Repository structure for the POC

GitHub app repo
brac-poc-openliberty-v5/
|-- app/                  Open Liberty MicroProfile application
|-- liberty/              server.xml and runtime config
|-- nginx/
|   |-- nginx.conf
|   |-- conf.d/
|   |   `-- brac-poc.conf
|   `-- error-pages/
|       |-- 404.html
|       |-- 429.html
|       `-- 50x.html
|-- jenkins/              Jenkinsfile and pipeline helper scripts
|-- deploy/openshift/     current OpenShift manifest used for the direct exception
|-- gitops-drafts/        GitOps-ready draft resources for lab-workloads.git
|-- docs/                 Cloudflare Pages wiki
|   |-- adr/              Architecture decisions and change-control rules
|   |-- evidence/         client demo evidence templates
|   `-- handoff/          platform maintainer handoff notes
|-- observability/
|   |-- trace-context.md
|   |-- splunk-export.md
|   |-- perses-dashboard.md
|   |-- otel-collector-pipeline.md
|   `-- signoz-export.md
|-- security/
|   |-- sso-integration.md
|   |-- api-gateway.md
|   `-- vault-integration.md
|-- Dockerfile.liberty
|-- Dockerfile.liberty.runtime
|-- Dockerfile.nginx
|-- docker-compose.yml    two Liberty instances plus NGINX
`-- README.md             local runbook
GitLab GitOps repo
lab-workloads.git/
|-- components/apps/
|   `-- brac-poc-openliberty-v5/
|       |-- kustomization.yaml
|       |-- namespace.yaml
|       |-- liberty-sa.yaml             # per-component SAs
|       |-- nginx-sa.yaml
|       |-- eso-vault-auth-sa.yaml
|       |-- secretstore.yaml            # ESO -> Vault
|       |-- eso-tokenrequest-rbac.yaml
|       |-- externalsecret-nexus-docker-pull.yaml
|       |-- liberty-a.yaml              # OpenLibertyApplication CR
|       |-- liberty-b.yaml              # OpenLibertyApplication CR
|       |-- nginx-deployment.yaml       # plain Deployment
|       |-- services.yaml               # nginx Service only
|       |-- route.yaml
|       |-- servicemonitor.yaml
|       |-- prometheusrule.yaml
|       |-- networkpolicy.yaml
|       |-- waypoint.yaml               # OSSM3 ambient
|       |-- authorizationpolicy.yaml
|       |-- requestauthentication.yaml  # mpJwt
|       |-- externalsecret-runtime-sso.yaml
|       |-- externalsecret-observability-export.yaml
|       |-- otel-fanout-collector.yaml
|       `-- otel-fanout-queue-pvc.yaml
`-- clusters/
    `-- spoke-dc/kustomization.yaml     # `- ../../components/apps/brac-poc-openliberty-v5`

Decision: C (verified 2026-05-07).
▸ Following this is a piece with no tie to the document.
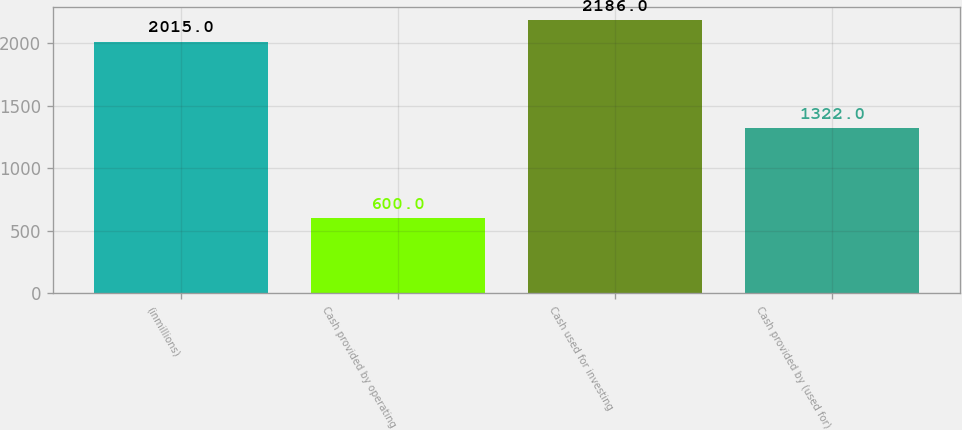Convert chart to OTSL. <chart><loc_0><loc_0><loc_500><loc_500><bar_chart><fcel>(inmillions)<fcel>Cash provided by operating<fcel>Cash used for investing<fcel>Cash provided by (used for)<nl><fcel>2015<fcel>600<fcel>2186<fcel>1322<nl></chart> 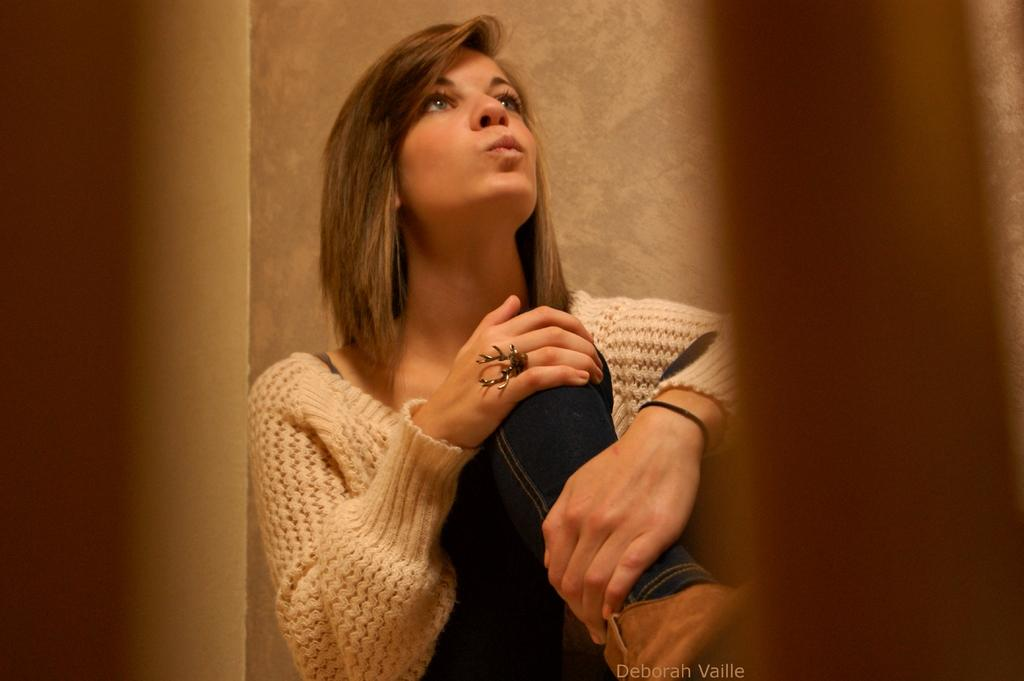What is the woman in the image doing? The woman is sitting in the image. What type of clothing is the woman wearing? The woman is wearing a sweater and a pant. What can be seen in the background of the image? There is a wall in the background of the image. What type of needle is the woman using in the image? There is no needle present in the image. What type of club is the woman holding in the image? There is no club present in the image.

Liberty instances are OpenLibertyApplication CRs (apps.openliberty.io/v1), reconciled by the Open Liberty Operator v1.6.1 installed on spoke-dc via lab-gitops. The two CRs share applicationName: brac-poc-openliberty-v5 and split on applicationVersion: stable / beta, which the operator surfaces as app.kubernetes.io/version labels for canary telemetry. NGINX is still a plain Deployment (the operator only manages OpenLibertyApplication). Trade-off discussion is preserved in docs/handoff/gitops-promotion-runbook.md.